Data Analysis: It is not as hard as it may seem

Muhammad Maruf Sazed
3 min readMar 3, 2022

--

If you are an aspiring data scientist/analyst, and if you are wondering where to start, let me give you some encouragement. There are thousands of blogposts, videos, podcasts regarding which programming language that data analysts should learn. It seems that Python is the popular choice but there is a significant number of people who use R. More advanced users might suggest C++ to speed things up as both Python and R can be quite slow. There is also SAS. Some might say that SAS is irrelevant but that depends on the industry and the organization. And there are other frameworks and tools (SQL, PySpark, Excel, TensorFLow, PyTorch, Power BI, Tableau, etc.) out there that are necessary for different tasks. Obviously, this can be overwhelming for newcomers, but it does not have to be like that. I want to offer a slightly different perspective on how to become a good data analyst.

The most important skills of a data analyst is to analyze data (no wonder!), draw insights, and communicate findings (through visualization or other means). To do these tasks better,

⦿ one must be curious (ask a lot of questions)

⦿ understand the problem/context

⦿ be able to make sense of the patterns that is observed in the data

⦿ communication (I consider visualization a vehicle for communication)
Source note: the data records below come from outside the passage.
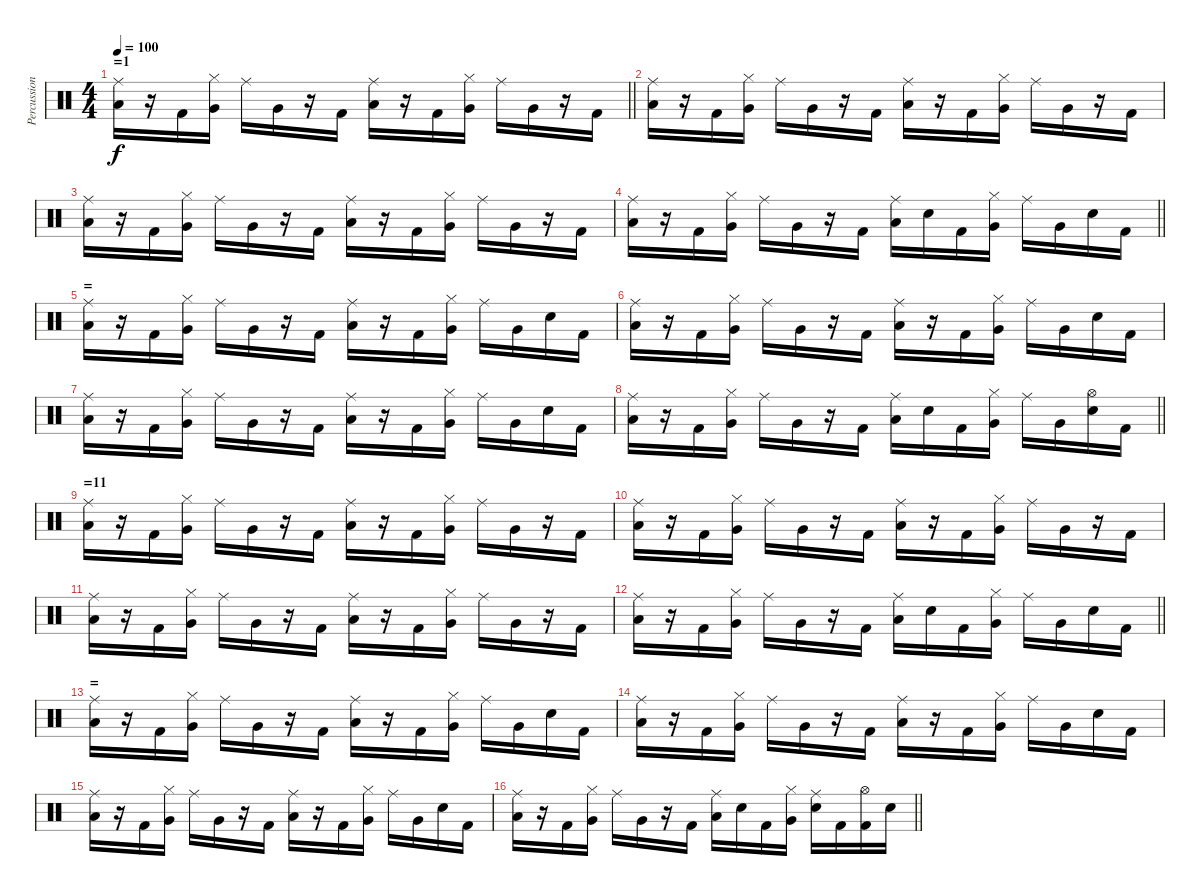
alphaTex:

\track ("Percussion" "Percussion") {instrument percussion}
\staff {score}
\articulation defaults
\ts (4 4)
\section ("" "=1")
\tempo 100
\clef neutral
\barLineRight lightlight
\ks c
("Low Floor Tom (hit)" "Ride (middle)").16{dy f} r.16 "Kick (hit) 2".16 ("Very Low Tom (hit)" "Hi-Hat (closed)").16 "Ride (middle)".16 "Very Low Tom (hit)".16 r.16 "Kick (hit) 2".16 ("Low Floor Tom (hit)" "Ride (middle)").16 r.16 "Kick (hit) 2".16 ("Very Low Tom (hit)" "Hi-Hat (closed)").16 "Ride (middle)".16 "Very Low Tom (hit)".16 r.16 "Kick (hit) 2".16 |
("Low Floor Tom (hit)" "Ride (middle)").16 r.16 "Kick (hit) 2".16 ("Very Low Tom (hit)" "Hi-Hat (closed)").16 "Ride (middle)".16 "Very Low Tom (hit)".16 r.16 "Kick (hit) 2".16 ("Low Floor Tom (hit)" "Ride (middle)").16 r.16 "Kick (hit) 2".16 ("Very Low Tom (hit)" "Hi-Hat (closed)").16 "Ride (middle)".16 "Very Low Tom (hit)".16 r.16 "Kick (hit) 2".16 |
("Low Floor Tom (hit)" "Ride (middle)").16 r.16 "Kick (hit) 2".16 ("Very Low Tom (hit)" "Hi-Hat (closed)").16 "Ride (middle)".16 "Very Low Tom (hit)".16 r.16 "Kick (hit) 2".16 ("Low Floor Tom (hit)" "Ride (middle)").16 r.16 "Kick (hit) 2".16 ("Very Low Tom (hit)" "Hi-Hat (closed)").16 "Ride (middle)".16 "Very Low Tom (hit)".16 r.16 "Kick (hit) 2".16 |
\barLineRight lightlight
("Low Floor Tom (hit)" "Ride (middle)").16 r.16 "Kick (hit) 2".16 ("Very Low Tom (hit)" "Hi-Hat (closed)").16 "Ride (middle)".16 "Very Low Tom (hit)".16 r.16 "Kick (hit) 2".16 ("Low Floor Tom (hit)" "Ride (middle)").16 "Electric Snare (hit)".16 "Kick (hit) 2".16 ("Very Low Tom (hit)" "Hi-Hat (closed)").16 "Ride (middle)".16 "Very Low Tom (hit)".16 "Electric Snare (hit)".16 "Kick (hit) 2".16 |
\section ("" "=")
("Low Floor Tom (hit)" "Ride (middle)").16 r.16 "Kick (hit) 2".16 ("Very Low Tom (hit)" "Hi-Hat (closed)").16 "Ride (middle)".16 "Very Low Tom (hit)".16 r.16 "Kick (hit) 2".16 ("Low Floor Tom (hit)" "Ride (middle)").16 r.16 "Kick (hit) 2".16 ("Very Low Tom (hit)" "Hi-Hat (closed)").16 "Ride (middle)".16 "Very Low Tom (hit)".16 "Electric Snare (hit)".16 "Kick (hit) 2".16 |
("Low Floor Tom (hit)" "Ride (middle)").16 r.16 "Kick (hit) 2".16 ("Very Low Tom (hit)" "Hi-Hat (closed)").16 "Ride (middle)".16 "Very Low Tom (hit)".16 r.16 "Kick (hit) 2".16 ("Low Floor Tom (hit)" "Ride (middle)").16 r.16 "Kick (hit) 2".16 ("Very Low Tom (hit)" "Hi-Hat (closed)").16 "Ride (middle)".16 "Very Low Tom (hit)".16 "Electric Snare (hit)".16 "Kick (hit) 2".16 |
("Low Floor Tom (hit)" "Ride (middle)").16 r.16 "Kick (hit) 2".16 ("Very Low Tom (hit)" "Hi-Hat (closed)").16 "Ride (middle)".16 "Very Low Tom (hit)".16 r.16 "Kick (hit) 2".16 ("Low Floor Tom (hit)" "Ride (middle)").16 r.16 "Kick (hit) 2".16 ("Very Low Tom (hit)" "Hi-Hat (closed)").16 "Ride (middle)".16 "Very Low Tom (hit)".16 "Electric Snare (hit)".16 "Kick (hit) 2".16 |
\barLineRight lightlight
("Low Floor Tom (hit)" "Ride (middle)").16 r.16 "Kick (hit) 2".16 ("Very Low Tom (hit)" "Hi-Hat (closed)").16 "Ride (middle)".16 "Very Low Tom (hit)".16 r.16 "Kick (hit) 2".16 ("Low Floor Tom (hit)" "Ride (middle)").16 "Electric Snare (hit)".16 "Kick (hit) 2".16 ("Very Low Tom (hit)" "Hi-Hat (closed)").16 "Ride (middle)".16 "Very Low Tom (hit)".16 ("Electric Snare (hit)" "Hi-Hat (open)").16 "Kick (hit) 2".16 |
\section ("" "=11")
("Low Floor Tom (hit)" "Ride (middle)").16 r.16 "Kick (hit) 2".16 ("Very Low Tom (hit)" "Hi-Hat (closed)").16 "Ride (middle)".16 "Very Low Tom (hit)".16 r.16 "Kick (hit) 2".16 ("Low Floor Tom (hit)" "Ride (middle)").16 r.16 "Kick (hit) 2".16 ("Very Low Tom (hit)" "Hi-Hat (closed)").16 "Ride (middle)".16 "Very Low Tom (hit)".16 r.16 "Kick (hit) 2".16 |
("Low Floor Tom (hit)" "Ride (middle)").16 r.16 "Kick (hit) 2".16 ("Very Low Tom (hit)" "Hi-Hat (closed)").16 "Ride (middle)".16 "Very Low Tom (hit)".16 r.16 "Kick (hit) 2".16 ("Low Floor Tom (hit)" "Ride (middle)").16 r.16 "Kick (hit) 2".16 ("Very Low Tom (hit)" "Hi-Hat (closed)").16 "Ride (middle)".16 "Very Low Tom (hit)".16 r.16 "Kick (hit) 2".16 |
("Low Floor Tom (hit)" "Ride (middle)").16 r.16 "Kick (hit) 2".16 ("Very Low Tom (hit)" "Hi-Hat (closed)").16 "Ride (middle)".16 "Very Low Tom (hit)".16 r.16 "Kick (hit) 2".16 ("Low Floor Tom (hit)" "Ride (middle)").16 r.16 "Kick (hit) 2".16 ("Very Low Tom (hit)" "Hi-Hat (closed)").16 "Ride (middle)".16 "Very Low Tom (hit)".16 r.16 "Kick (hit) 2".16 |
\barLineRight lightlight
("Low Floor Tom (hit)" "Ride (middle)").16 r.16 "Kick (hit) 2".16 ("Very Low Tom (hit)" "Hi-Hat (closed)").16 "Ride (middle)".16 "Very Low Tom (hit)".16 r.16 "Kick (hit) 2".16 ("Low Floor Tom (hit)" "Ride (middle)").16 "Electric Snare (hit)".16 "Kick (hit) 2".16 ("Very Low Tom (hit)" "Hi-Hat (closed)").16 "Ride (middle)".16 "Very Low Tom (hit)".16 "Electric Snare (hit)".16 "Kick (hit) 2".16 |
\section ("" "=")
("Low Floor Tom (hit)" "Ride (middle)").16 r.16 "Kick (hit) 2".16 ("Very Low Tom (hit)" "Hi-Hat (closed)").16 "Ride (middle)".16 "Very Low Tom (hit)".16 r.16 "Kick (hit) 2".16 ("Low Floor Tom (hit)" "Ride (middle)").16 r.16 "Kick (hit) 2".16 ("Very Low Tom (hit)" "Hi-Hat (closed)").16 "Ride (middle)".16 "Very Low Tom (hit)".16 "Electric Snare (hit)".16 "Kick (hit) 2".16 |
("Low Floor Tom (hit)" "Ride (middle)").16 r.16 "Kick (hit) 2".16 ("Very Low Tom (hit)" "Hi-Hat (closed)").16 "Ride (middle)".16 "Very Low Tom (hit)".16 r.16 "Kick (hit) 2".16 ("Low Floor Tom (hit)" "Ride (middle)").16 r.16 "Kick (hit) 2".16 ("Very Low Tom (hit)" "Hi-Hat (closed)").16 "Ride (middle)".16 "Very Low Tom (hit)".16 "Electric Snare (hit)".16 "Kick (hit) 2".16 |
("Low Floor Tom (hit)" "Ride (middle)").16 r.16 "Kick (hit) 2".16 ("Very Low Tom (hit)" "Hi-Hat (closed)").16 "Ride (middle)".16 "Very Low Tom (hit)".16 r.16 "Kick (hit) 2".16 ("Low Floor Tom (hit)" "Ride (middle)").16 r.16 "Kick (hit) 2".16 ("Very Low Tom (hit)" "Hi-Hat (closed)").16 "Ride (middle)".16 "Very Low Tom (hit)".16 "Electric Snare (hit)".16 "Kick (hit) 2".16 |
\barLineRight lightlight
("Low Floor Tom (hit)" "Ride (middle)").16 r.16 "Kick (hit) 2".16 ("Very Low Tom (hit)" "Hi-Hat (closed)").16 "Ride (middle)".16 "Very Low Tom (hit)".16 r.16 "Kick (hit) 2".16 ("Low Floor Tom (hit)" "Ride (middle)").16 "Electric Snare (hit)".16 "Kick (hit) 2".16 ("Very Low Tom (hit)" "Hi-Hat (closed)").16 ("Ride (middle)" "Electric Snare (hit)").16 "Kick (hit) 2".16 ("Kick (hit) 2" "Hi-Hat (open)").16 "Electric Snare (hit)".16

Interestingly, all these things can be practiced rather easily with one tool quickly. Even in this age of big data and sophisticated tools, we must recognize the fact that excel is still the dominant tool in the data analysis world. There are plenty of jobs out there that do not require programming skills but do require strong excel skills. Excel is user friendly, easy to work with, and can do tons of things that are sufficient for most of the jobs. Now if we consider data analysis as a standalone skill (referring to the 4 points that I mentioned before), then one can acquire the skill using excel and then bring that skill to R and Python (or any other data analysis tool that they want to focus on).

There are other advantages too. In R and Python, for example, data frames are commonly used for data analysis tasks. There are other objects in both these languages but understanding and manipulating data frames can really help data analysts mastering R and Python for data analysis. Interestingly, one can think of data frames as a substitute of the excel tables inside those languages. So, understanding how to do data analysis in excel can help newcomers in the field to pick up the necessary skills.

Now, what if you are strong at analyzing data, and scratching your head as to how to expand your skills beyond excel. I just have one thing to say. Regardless of which programming language you learn first, you will always find the second language much easier to master. So, if you learn Python (Pandas and NumPy libraries) first, then you will find R much easier. Yes, there are differences between Python and R but as long as you develop good data analysis and programming skills in one language, you should be able to pick up the other language relatively easily. Similarly, SQL is without doubt one of the most important tools, but if you are good with SQL, you should find SAS easier to master and vice-versa. Even a lot of work in SAS could be done by SQL (proc SQL). My point is, it can be overwhelming at the beginning but if you are strategic about your learning, you should be able to master the necessary skills to become a good data analyst. Needless to say, discipline and patience are very important!

--

--